I know rates are dependent on car, age, location, etc. but I was wondering if anyone had any helpful tips/links to share on auto insurance. Wife and I are in our lower 30s, own 3 cars all with over 150,000 miles. I was thinking about shopping around and/or reducing the amount of coverage that we currently have. I did try some of the online "get rates" websites but I didn't find that info too helpful, and I assume its quite generic. Just wondering if anyone has any helpful info/tips before I begin calling around.

Thanks for any help!


----------



## pennstater2005 (Jul 17, 2017)

I found a local independent insurance agent. He sells something like 12 different insurances. My rates improved dramatically. Every 6 months or so I shoot him an email and see if there is anything cheaper regarding auto or home.


----------



## Colonel K0rn (Jul 4, 2017)

Might be a little late, but I was an Auto Damage Adjuster for GEICO prior to retiring, and before being an ADA worked as a CSR in the call center (the person who you talked to when you got into an accident). I am very knowledgeable on the subject of insurance, and would be happy to help you out when it comes to getting some insurance help.

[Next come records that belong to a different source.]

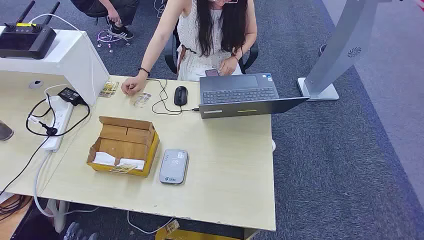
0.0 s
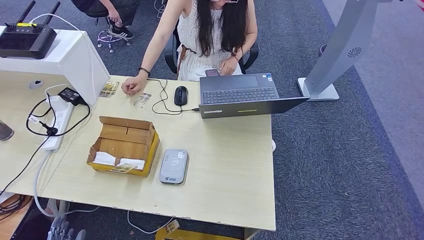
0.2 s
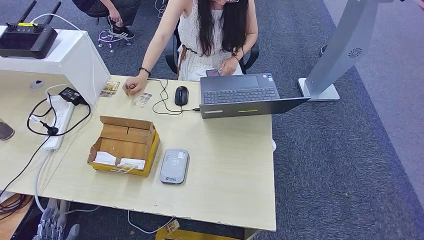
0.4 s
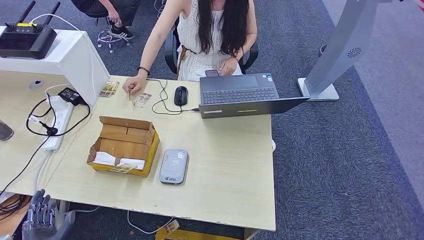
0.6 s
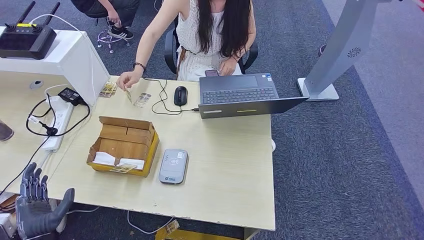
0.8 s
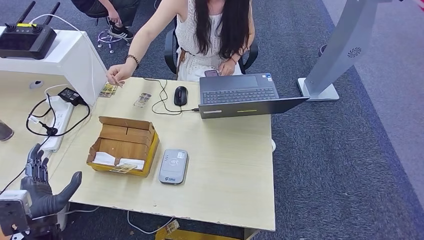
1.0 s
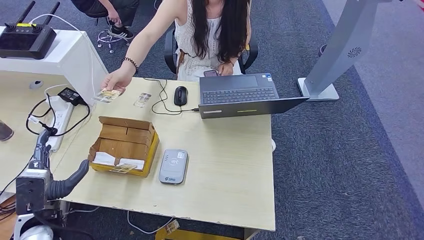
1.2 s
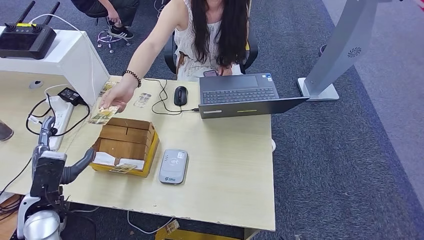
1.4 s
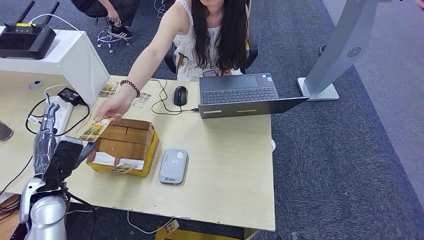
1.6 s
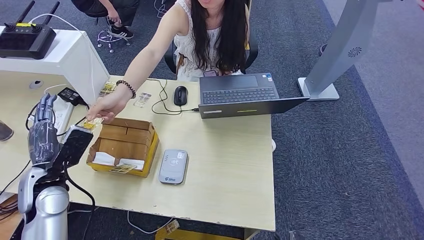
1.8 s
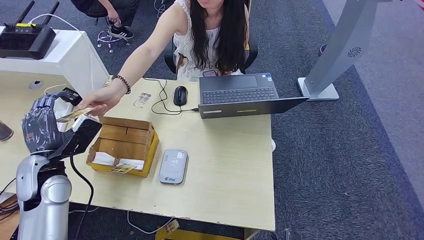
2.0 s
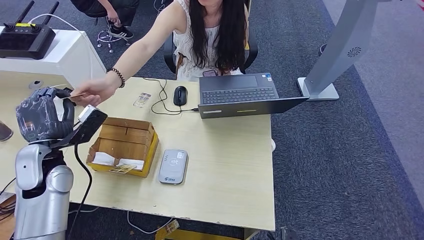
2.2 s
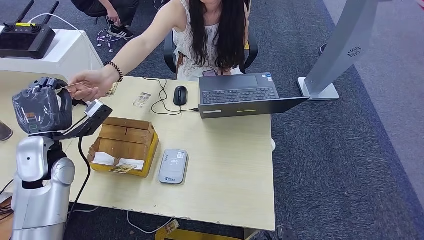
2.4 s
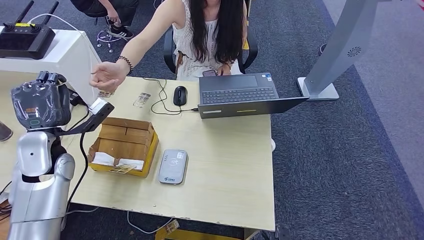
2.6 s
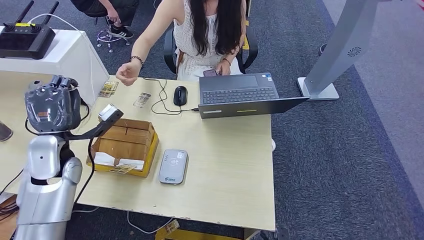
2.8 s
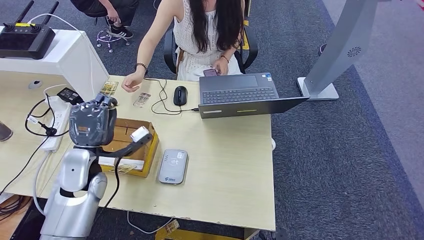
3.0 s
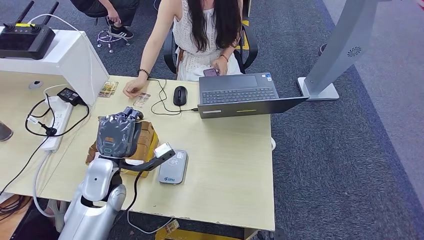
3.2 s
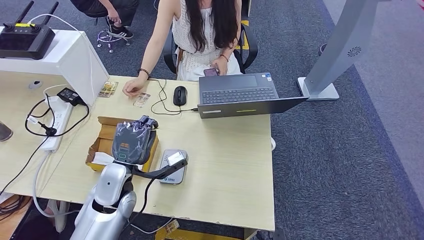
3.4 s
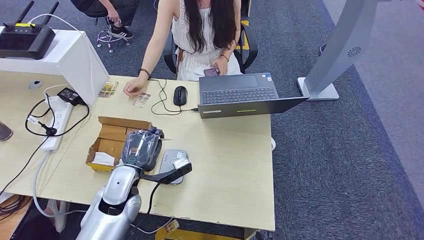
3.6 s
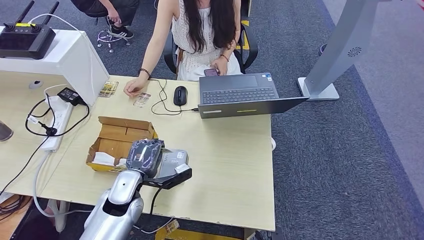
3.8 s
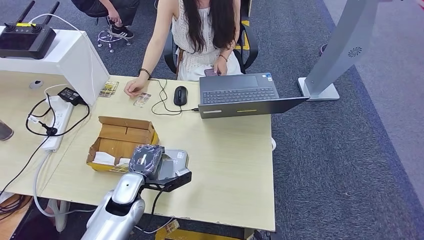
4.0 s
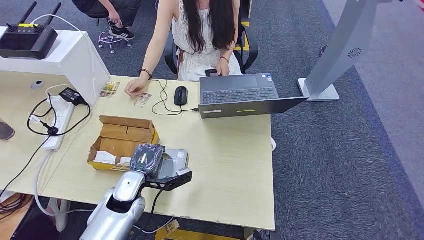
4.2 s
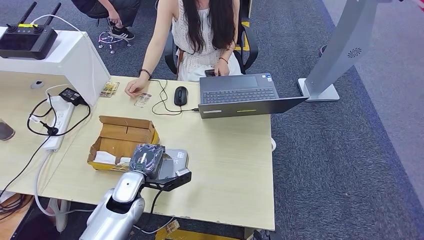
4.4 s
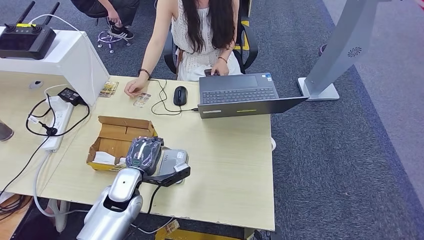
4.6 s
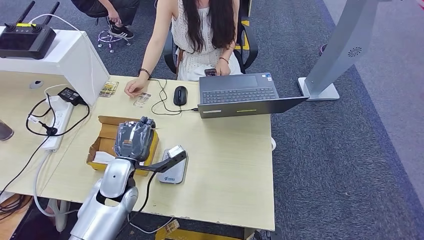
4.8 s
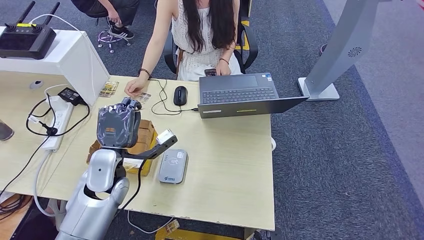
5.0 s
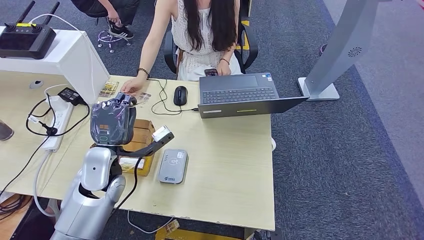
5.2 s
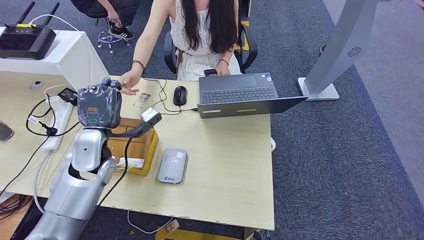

I've been out of the industry for about 5 years, but still have a lot of info to pass along. What are you trying to attain?


----------



## saifi (18 d ago)

pennstater2005 said:


> I found a local independent insurance agent. He sells something like 12 different insurances. My rates improved dramatically. Every 6 months or so I shoot him an email and see if there is anything cheaper regarding auto or home.


That's interesting, do you still using them to get a cheaper deal?


----------